Der UN-Generalsekretär weihte in Gujarat das gegenwärtig innovativste indische Solarprojekt ein. Das "Canal Top Solar Power Plant" ist die weltweit erste größere Solaranlage, die über einem Kanal installiert wurde. Nachdem eine kleine Pilotanlage die Funktionsfähigkeit des Projektes bewiesen hatte, wurde im letzten Jahr der Solarpark über dem Wasser errichtet. Die fast 35.000 Solarpanele bedecken den Kanal auf einer Länge von 3,6 Kilometern. Angesichts der dichten Besiedlung in Gujarat und anderen Teilen Indiens ist dies eine Modell dafür, wie die Umwandlung landwirtschaftlich genutzten Flächen in Solarparks vermieden werden kann.

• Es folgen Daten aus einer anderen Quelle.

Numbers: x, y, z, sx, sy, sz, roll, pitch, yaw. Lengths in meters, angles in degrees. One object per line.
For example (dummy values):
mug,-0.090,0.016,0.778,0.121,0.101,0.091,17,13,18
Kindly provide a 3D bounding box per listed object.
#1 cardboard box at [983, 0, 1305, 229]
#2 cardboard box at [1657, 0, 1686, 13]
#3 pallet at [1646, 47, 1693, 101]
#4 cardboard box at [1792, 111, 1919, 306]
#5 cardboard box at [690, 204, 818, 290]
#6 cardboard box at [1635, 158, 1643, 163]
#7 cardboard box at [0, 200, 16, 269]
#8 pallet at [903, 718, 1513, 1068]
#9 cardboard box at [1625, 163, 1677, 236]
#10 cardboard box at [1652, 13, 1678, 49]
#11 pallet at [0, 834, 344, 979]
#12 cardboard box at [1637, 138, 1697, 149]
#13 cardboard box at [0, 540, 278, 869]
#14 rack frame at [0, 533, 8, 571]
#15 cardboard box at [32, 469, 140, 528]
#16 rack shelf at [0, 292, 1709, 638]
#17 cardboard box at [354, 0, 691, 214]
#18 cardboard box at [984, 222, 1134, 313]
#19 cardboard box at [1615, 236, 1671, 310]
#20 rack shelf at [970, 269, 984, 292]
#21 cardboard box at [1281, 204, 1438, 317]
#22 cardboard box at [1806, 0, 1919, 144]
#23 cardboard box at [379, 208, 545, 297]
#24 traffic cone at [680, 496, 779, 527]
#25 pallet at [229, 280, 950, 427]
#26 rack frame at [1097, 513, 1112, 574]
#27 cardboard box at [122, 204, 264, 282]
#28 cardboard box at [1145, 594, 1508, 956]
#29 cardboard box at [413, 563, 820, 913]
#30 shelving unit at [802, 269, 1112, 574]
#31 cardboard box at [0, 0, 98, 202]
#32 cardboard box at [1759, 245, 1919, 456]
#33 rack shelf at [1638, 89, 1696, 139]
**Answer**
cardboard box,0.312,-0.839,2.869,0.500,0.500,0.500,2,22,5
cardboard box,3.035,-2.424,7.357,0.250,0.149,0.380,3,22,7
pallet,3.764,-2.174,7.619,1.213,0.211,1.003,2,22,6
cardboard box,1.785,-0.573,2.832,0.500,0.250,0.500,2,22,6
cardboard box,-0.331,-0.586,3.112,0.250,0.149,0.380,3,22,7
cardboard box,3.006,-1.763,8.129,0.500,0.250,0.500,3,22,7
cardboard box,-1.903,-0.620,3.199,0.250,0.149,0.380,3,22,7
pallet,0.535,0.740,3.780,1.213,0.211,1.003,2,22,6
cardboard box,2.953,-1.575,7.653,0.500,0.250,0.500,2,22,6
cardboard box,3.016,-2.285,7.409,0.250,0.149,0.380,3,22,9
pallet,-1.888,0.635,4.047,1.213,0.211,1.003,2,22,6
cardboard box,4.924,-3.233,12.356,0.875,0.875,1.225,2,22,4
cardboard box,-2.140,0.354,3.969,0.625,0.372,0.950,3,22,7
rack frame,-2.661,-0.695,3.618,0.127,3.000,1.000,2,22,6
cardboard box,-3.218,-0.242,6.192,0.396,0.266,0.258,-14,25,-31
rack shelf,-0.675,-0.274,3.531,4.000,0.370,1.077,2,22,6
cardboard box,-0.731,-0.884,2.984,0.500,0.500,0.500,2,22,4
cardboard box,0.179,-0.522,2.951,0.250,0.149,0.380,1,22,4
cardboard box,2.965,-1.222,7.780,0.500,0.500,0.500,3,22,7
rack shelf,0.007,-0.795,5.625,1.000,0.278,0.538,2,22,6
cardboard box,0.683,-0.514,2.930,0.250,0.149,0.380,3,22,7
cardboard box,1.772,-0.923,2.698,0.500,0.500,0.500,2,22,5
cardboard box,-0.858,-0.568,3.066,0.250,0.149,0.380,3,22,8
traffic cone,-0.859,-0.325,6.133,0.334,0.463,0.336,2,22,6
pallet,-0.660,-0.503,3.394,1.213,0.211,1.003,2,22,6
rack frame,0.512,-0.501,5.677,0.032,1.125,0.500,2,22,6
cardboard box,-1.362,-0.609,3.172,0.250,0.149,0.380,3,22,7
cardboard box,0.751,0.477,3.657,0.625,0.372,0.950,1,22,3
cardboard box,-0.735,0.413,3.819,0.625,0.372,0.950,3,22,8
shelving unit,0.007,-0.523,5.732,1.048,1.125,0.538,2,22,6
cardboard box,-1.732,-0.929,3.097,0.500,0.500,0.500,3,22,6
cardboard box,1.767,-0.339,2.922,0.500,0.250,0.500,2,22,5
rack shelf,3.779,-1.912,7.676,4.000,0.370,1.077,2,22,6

Ein Nebeneffekt ist, dass die Verdunstung abnimmt, weil die Wasserfläche unter den Anlagen nun vor der direkten Sonneneinstrahlung geschützt wird. Im Bundesstaat Gujarat sind im Einzugsgebiet des Namada-Flusses Kanäle mit einer Länge von 19.000 Kilometern entstanden, um die Versorgung von Landwirtschaft und Haushalten mit Wasser zu verbessern. Das oberirdische System verliert aber durch Verdunstung einen beträchtlichen Teil des transportierten Wassers. Solaranlagen über einzelnen Kanälen können dieses Problem zumindest etwas vermindern.

Die gewonnene Elektrizität des Solarparks von zehn Megawatt wird vor allem dafür genutzt, Pumpen für die Bewässerung von Feldern zu betreiben. Überschüssige Energie wird in das öffentliche Stromnetz eingespeist.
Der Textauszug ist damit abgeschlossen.